=== Begin Enclosure ===

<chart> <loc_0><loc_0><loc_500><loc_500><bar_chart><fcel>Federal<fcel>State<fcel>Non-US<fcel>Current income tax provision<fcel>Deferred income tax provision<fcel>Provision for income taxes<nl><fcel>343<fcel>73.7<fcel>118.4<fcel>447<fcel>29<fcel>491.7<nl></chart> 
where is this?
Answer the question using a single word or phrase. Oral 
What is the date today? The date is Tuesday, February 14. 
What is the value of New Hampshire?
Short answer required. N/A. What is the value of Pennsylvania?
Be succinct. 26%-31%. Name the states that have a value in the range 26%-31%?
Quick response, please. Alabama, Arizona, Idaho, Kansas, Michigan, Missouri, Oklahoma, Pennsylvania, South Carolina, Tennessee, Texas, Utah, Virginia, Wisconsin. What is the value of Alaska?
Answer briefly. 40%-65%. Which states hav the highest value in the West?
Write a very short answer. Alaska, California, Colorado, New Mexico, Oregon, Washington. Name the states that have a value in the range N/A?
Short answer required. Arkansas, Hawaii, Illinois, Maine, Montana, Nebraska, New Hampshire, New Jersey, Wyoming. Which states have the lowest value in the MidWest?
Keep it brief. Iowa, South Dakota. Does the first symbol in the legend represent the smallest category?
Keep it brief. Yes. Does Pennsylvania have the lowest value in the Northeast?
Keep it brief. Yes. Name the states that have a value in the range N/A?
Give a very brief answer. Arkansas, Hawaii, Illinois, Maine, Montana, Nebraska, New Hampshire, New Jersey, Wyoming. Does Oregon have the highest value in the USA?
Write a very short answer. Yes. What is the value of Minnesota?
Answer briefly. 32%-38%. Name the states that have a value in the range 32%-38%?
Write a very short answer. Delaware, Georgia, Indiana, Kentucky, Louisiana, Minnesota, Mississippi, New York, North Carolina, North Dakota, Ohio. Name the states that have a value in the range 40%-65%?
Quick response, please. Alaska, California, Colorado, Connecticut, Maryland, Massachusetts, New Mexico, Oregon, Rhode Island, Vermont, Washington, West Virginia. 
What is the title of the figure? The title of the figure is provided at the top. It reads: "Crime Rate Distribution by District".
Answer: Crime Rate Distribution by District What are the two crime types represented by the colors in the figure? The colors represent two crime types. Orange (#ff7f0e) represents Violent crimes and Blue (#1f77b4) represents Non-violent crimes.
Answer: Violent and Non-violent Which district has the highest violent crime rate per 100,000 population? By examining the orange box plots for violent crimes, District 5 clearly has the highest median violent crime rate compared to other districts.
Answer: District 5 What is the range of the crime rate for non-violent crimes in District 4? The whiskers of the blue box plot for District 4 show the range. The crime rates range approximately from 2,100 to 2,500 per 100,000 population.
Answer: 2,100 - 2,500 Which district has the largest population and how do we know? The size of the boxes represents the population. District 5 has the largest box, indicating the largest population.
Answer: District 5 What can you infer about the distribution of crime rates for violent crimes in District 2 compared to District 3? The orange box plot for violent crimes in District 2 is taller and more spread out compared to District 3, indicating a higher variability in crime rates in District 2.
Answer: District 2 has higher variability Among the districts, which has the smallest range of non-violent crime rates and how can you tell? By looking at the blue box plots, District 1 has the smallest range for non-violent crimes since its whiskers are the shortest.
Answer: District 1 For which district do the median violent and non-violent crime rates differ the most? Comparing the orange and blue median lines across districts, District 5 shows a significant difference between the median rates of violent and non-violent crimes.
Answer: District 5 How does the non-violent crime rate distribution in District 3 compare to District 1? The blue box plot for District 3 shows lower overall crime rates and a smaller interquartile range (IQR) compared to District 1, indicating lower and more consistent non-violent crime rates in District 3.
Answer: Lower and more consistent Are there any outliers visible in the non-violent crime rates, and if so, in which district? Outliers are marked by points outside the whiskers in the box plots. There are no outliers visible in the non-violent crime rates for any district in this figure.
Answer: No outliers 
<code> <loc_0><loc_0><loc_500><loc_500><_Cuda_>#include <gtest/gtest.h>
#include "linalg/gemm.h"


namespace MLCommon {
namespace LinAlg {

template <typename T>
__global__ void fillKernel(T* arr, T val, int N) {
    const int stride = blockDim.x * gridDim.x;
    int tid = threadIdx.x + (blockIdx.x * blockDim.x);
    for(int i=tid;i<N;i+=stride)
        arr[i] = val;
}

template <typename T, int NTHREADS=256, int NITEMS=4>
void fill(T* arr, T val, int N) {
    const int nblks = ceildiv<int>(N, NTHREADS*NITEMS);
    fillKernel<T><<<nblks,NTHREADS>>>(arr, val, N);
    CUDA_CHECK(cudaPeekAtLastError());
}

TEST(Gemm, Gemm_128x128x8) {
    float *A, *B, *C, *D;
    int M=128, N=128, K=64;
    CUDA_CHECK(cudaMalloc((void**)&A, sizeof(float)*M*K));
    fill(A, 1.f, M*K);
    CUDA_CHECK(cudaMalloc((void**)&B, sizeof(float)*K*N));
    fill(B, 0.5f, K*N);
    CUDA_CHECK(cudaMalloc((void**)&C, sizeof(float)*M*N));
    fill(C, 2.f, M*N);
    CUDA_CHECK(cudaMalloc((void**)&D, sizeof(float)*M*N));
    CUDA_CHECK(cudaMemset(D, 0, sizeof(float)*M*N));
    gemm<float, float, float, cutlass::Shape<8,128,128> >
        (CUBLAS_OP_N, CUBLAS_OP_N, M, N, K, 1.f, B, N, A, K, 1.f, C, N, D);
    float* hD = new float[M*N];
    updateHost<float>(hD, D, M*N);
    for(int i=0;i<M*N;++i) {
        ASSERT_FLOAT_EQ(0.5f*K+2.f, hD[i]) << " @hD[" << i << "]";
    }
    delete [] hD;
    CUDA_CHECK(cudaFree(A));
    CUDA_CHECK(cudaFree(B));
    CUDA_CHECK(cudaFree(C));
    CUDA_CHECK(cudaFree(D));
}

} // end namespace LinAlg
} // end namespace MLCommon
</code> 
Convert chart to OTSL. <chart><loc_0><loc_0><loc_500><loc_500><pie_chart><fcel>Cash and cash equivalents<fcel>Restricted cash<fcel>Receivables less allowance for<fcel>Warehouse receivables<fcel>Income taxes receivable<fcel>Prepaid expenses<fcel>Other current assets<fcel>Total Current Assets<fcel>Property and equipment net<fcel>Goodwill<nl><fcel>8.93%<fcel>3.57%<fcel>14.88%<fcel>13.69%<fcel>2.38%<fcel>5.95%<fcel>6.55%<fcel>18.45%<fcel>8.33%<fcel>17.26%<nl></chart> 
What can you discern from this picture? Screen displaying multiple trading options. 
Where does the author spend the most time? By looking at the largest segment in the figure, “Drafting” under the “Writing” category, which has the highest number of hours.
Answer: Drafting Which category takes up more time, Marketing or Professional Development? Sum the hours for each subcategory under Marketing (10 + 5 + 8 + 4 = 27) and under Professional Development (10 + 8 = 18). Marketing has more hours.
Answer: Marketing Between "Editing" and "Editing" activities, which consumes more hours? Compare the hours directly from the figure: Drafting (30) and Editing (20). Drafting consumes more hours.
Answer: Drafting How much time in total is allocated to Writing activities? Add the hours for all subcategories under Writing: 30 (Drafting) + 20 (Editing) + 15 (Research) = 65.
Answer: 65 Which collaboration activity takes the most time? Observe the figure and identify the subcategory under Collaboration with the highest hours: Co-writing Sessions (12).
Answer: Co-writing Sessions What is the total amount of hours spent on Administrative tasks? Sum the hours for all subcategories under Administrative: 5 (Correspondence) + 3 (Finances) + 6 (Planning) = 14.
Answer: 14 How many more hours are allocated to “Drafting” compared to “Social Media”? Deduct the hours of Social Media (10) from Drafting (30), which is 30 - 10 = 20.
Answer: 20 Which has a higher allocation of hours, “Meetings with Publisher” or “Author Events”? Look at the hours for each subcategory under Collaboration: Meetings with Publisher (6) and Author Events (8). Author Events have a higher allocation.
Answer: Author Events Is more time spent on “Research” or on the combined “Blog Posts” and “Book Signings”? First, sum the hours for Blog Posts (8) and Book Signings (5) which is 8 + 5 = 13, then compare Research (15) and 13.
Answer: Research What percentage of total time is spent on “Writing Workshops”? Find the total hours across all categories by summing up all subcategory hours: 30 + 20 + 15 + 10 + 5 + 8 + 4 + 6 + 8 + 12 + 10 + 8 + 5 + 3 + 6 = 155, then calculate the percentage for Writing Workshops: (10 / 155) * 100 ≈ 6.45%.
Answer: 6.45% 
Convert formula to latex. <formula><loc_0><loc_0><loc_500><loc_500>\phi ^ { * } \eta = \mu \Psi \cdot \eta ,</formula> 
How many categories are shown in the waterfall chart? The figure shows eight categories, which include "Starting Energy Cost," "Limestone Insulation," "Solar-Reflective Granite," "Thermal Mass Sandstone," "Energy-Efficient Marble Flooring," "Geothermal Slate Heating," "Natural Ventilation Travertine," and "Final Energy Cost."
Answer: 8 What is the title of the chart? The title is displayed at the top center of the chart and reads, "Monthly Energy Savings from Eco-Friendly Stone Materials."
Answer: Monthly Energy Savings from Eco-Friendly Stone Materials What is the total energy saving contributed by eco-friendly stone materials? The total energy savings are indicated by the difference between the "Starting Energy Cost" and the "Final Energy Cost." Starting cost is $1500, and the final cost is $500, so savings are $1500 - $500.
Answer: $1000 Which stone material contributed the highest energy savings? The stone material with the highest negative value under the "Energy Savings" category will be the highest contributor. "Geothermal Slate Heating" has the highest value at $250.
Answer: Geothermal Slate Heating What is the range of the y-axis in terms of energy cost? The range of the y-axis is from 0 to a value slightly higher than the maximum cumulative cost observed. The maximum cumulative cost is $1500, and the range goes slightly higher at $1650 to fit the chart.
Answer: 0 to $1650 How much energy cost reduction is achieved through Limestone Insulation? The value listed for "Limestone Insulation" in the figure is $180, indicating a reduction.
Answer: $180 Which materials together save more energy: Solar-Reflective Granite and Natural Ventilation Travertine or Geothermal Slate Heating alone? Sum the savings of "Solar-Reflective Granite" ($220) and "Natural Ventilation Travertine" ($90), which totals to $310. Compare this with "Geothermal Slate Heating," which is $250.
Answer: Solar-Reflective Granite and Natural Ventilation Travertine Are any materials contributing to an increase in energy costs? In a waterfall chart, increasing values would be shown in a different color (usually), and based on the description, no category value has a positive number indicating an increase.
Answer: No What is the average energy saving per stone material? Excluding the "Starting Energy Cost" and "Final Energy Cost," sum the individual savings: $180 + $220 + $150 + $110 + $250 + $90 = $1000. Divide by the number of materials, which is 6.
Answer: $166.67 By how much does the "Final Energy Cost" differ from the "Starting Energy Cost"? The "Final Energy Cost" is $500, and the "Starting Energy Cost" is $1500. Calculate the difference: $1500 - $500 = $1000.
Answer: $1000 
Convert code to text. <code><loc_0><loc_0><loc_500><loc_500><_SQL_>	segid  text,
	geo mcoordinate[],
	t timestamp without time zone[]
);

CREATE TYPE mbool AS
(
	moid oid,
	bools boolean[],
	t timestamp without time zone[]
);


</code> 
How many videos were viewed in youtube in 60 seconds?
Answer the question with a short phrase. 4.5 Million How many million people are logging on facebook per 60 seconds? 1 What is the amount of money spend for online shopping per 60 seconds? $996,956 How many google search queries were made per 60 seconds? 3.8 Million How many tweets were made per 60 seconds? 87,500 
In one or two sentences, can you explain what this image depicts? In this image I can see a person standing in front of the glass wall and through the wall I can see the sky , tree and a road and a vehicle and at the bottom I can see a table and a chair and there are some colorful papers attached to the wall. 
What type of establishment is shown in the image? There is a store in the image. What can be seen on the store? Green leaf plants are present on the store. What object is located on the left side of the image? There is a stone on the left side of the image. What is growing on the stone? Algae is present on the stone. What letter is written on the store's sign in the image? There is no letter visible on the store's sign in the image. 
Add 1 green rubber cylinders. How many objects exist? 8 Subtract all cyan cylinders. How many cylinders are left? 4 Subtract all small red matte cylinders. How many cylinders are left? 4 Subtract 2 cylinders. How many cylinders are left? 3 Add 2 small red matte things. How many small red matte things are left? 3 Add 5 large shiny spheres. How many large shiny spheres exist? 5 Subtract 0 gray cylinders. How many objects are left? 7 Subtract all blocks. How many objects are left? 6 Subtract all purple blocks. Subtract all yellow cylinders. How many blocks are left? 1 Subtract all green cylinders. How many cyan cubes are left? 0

=== End Enclosure ===

> Problem
Could you reproduce, exactly, every line above from the line with "Short answer required. N/A." to the line with "Answer briefly. 32%-38%.", and no other line? Both ends count.

> Exercise output
Short answer required. N/A. What is the value of Pennsylvania?
Be succinct. 26%-31%. Name the states that have a value in the range 26%-31%?
Quick response, please. Alabama, Arizona, Idaho, Kansas, Michigan, Missouri, Oklahoma, Pennsylvania, South Carolina, Tennessee, Texas, Utah, Virginia, Wisconsin. What is the value of Alaska?
Answer briefly. 40%-65%. Which states hav the highest value in the West?
Write a very short answer. Alaska, California, Colorado, New Mexico, Oregon, Washington. Name the states that have a value in the range N/A?
Short answer required. Arkansas, Hawaii, Illinois, Maine, Montana, Nebraska, New Hampshire, New Jersey, Wyoming. Which states have the lowest value in the MidWest?
Keep it brief. Iowa, South Dakota. Does the first symbol in the legend represent the smallest category?
Keep it brief. Yes. Does Pennsylvania have the lowest value in the Northeast?
Keep it brief. Yes. Name the states that have a value in the range N/A?
Give a very brief answer. Arkansas, Hawaii, Illinois, Maine, Montana, Nebraska, New Hampshire, New Jersey, Wyoming. Does Oregon have the highest value in the USA?
Write a very short answer. Yes. What is the value of Minnesota?
Answer briefly. 32%-38%. Name the states that have a value in the range 32%-38%?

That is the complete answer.